BRINDISI – Si è finto agente dell’FBI ed ha seminato il panico tra i bagnanti.

FBIÈ accaduto lo scorso 17 agosto, sulle spiagge di Specchiolla, Brindisi. Un uomo si è esibito impugnando prima una riproduzione di una pistola Beretta Calibro 9, poi due fucili subacquei carichi.

La Polizia lo ha bloccato mentre si allontanava per una battuta di pesca subacquea: si tratta di un turista modenese incensurato, A.M., 38 anni, sulla cui lucidità mentale al momento dei fatti gli agenti del Commissariato di Polizia di Ostuni nutrono qualche dubbio, avviando perciò ulteriori approfondimenti sul soggetto.

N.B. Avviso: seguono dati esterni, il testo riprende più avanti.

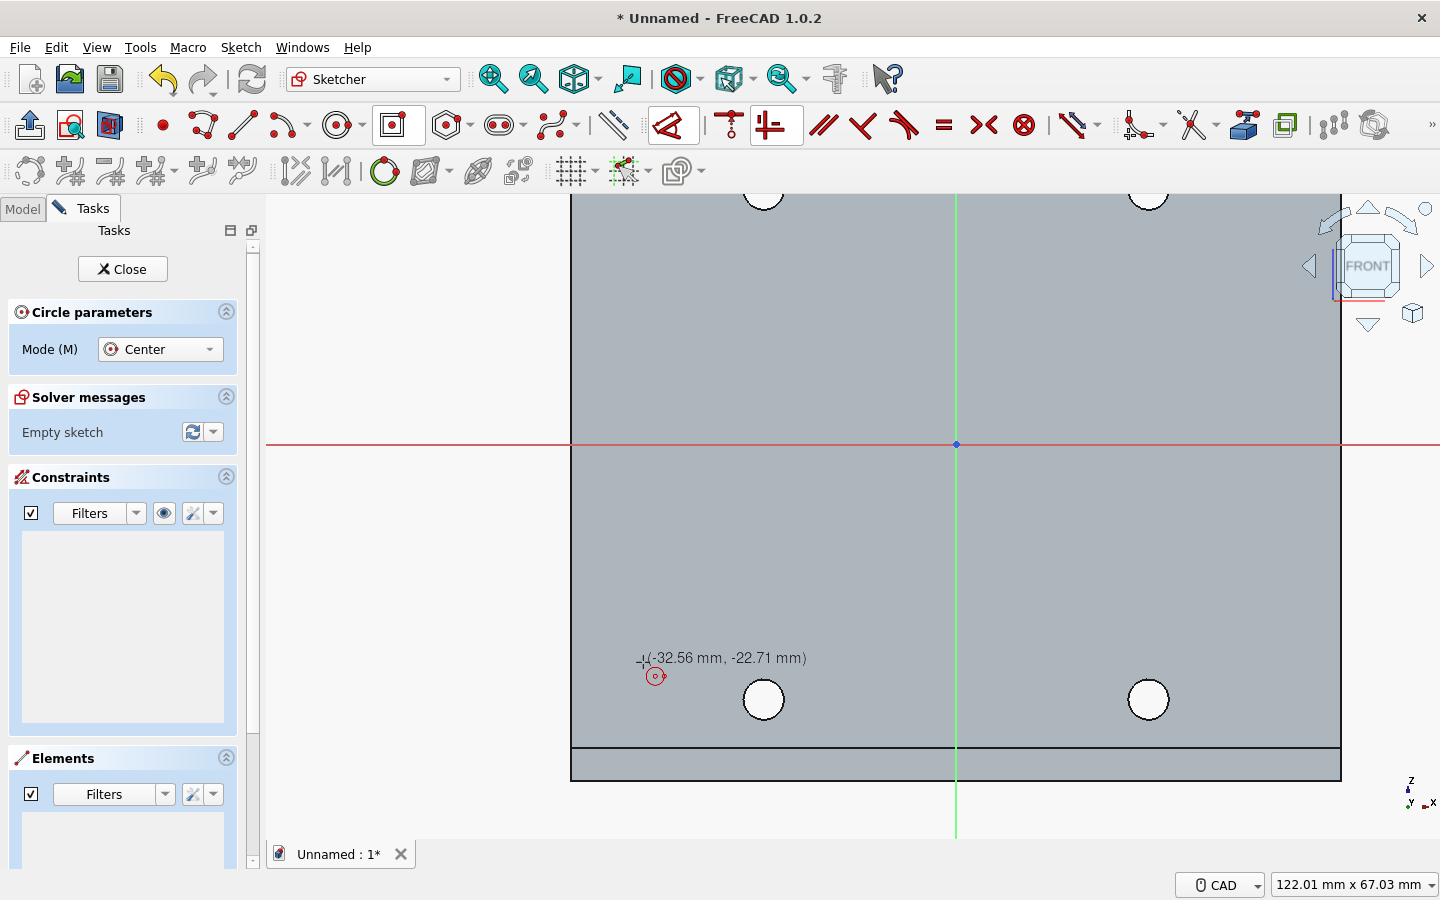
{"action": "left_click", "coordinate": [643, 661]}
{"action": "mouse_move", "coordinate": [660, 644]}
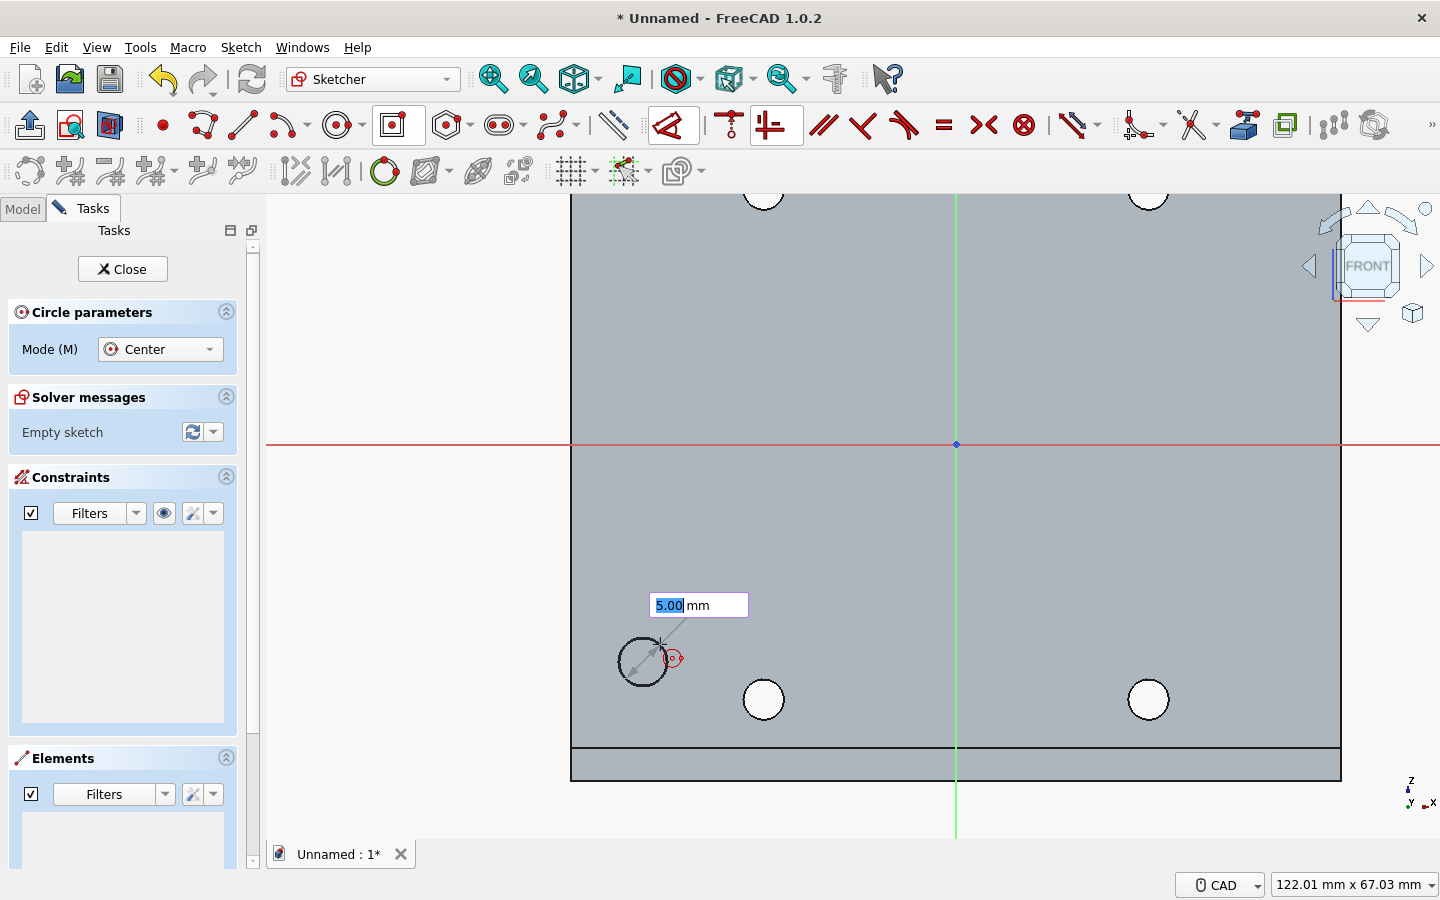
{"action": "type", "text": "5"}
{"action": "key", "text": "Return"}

Tre poliziotti del Commissariato di Ostuni, che si trovavano in spiaggia liberi dal servizio,  hanno notato poco distante uno stato di agitazione ed un fuggi fuggi generale dei bagnanti che si trovavano in quel punto, e sono andati subito a verificare cosa stesse accadendo. Una delle persone interpellate ha raccontato che poco prima un tizio con equipaggiamento da sub gli aveva chiesto di custodirgli le chiavi della Mercedes, giusto il tempo di una pescata nelle acque antistanti. E lo aveva fatto presentandosi come agente dell’Fbi.

Il bagnante aveva risposto che non poteva essere di alcuna utilità, poiché stava per andare via dalla spiaggia con la propria famiglia, e si è trovato di fronte ad una reazione incredibile: dopo aver indossato la muta, A.M. ha continuato a recriminare contro l’indisponibilità dei presenti a custodirgli le chiavi dell’auto, ed infine ha caricato uno dei due fucili subacquei che aveva con sé (un modello ad aria compressa, ed un arbalete ad elastici, più lungo), puntandolo platealmente prima contro il bagnante che aveva opposto il rifiuto, poi contro altre famiglie che si trovavano in spiaggia, immergendosi in mare subito dopo.

Gli agenti ci hanno messo pochi secondi per entrare in acqua, raggiungerlo e tirarlo fuori con muta, pinne e fucili, e poi a condurlo in commissariato a Ostuni

Ma non prima di aver raccolto da altri bagnanti, sopraggiunti nel frattempo, il racconto dell’impresa precedente, avvenuta su un arenile poco distante dove A.M. era sceso dalla Mercedes impugnando una Beretta modello FS priva di tappo rosso. Anche in quel caso, spaventando la gente. Poi era tornato in auto allontanandosi velocemente. I poliziotti allora hanno perquisito l’auto del protagonista dei fatti, trovando la riproduzione della Beretta in una custodia sotto la ruota di scorta.

Il turista modenese  è stato denunciato a piede libero per minacce pluriaggravate e porto abusivo di arma, in attesa di eventuali altri esiti degli accertamenti in corso.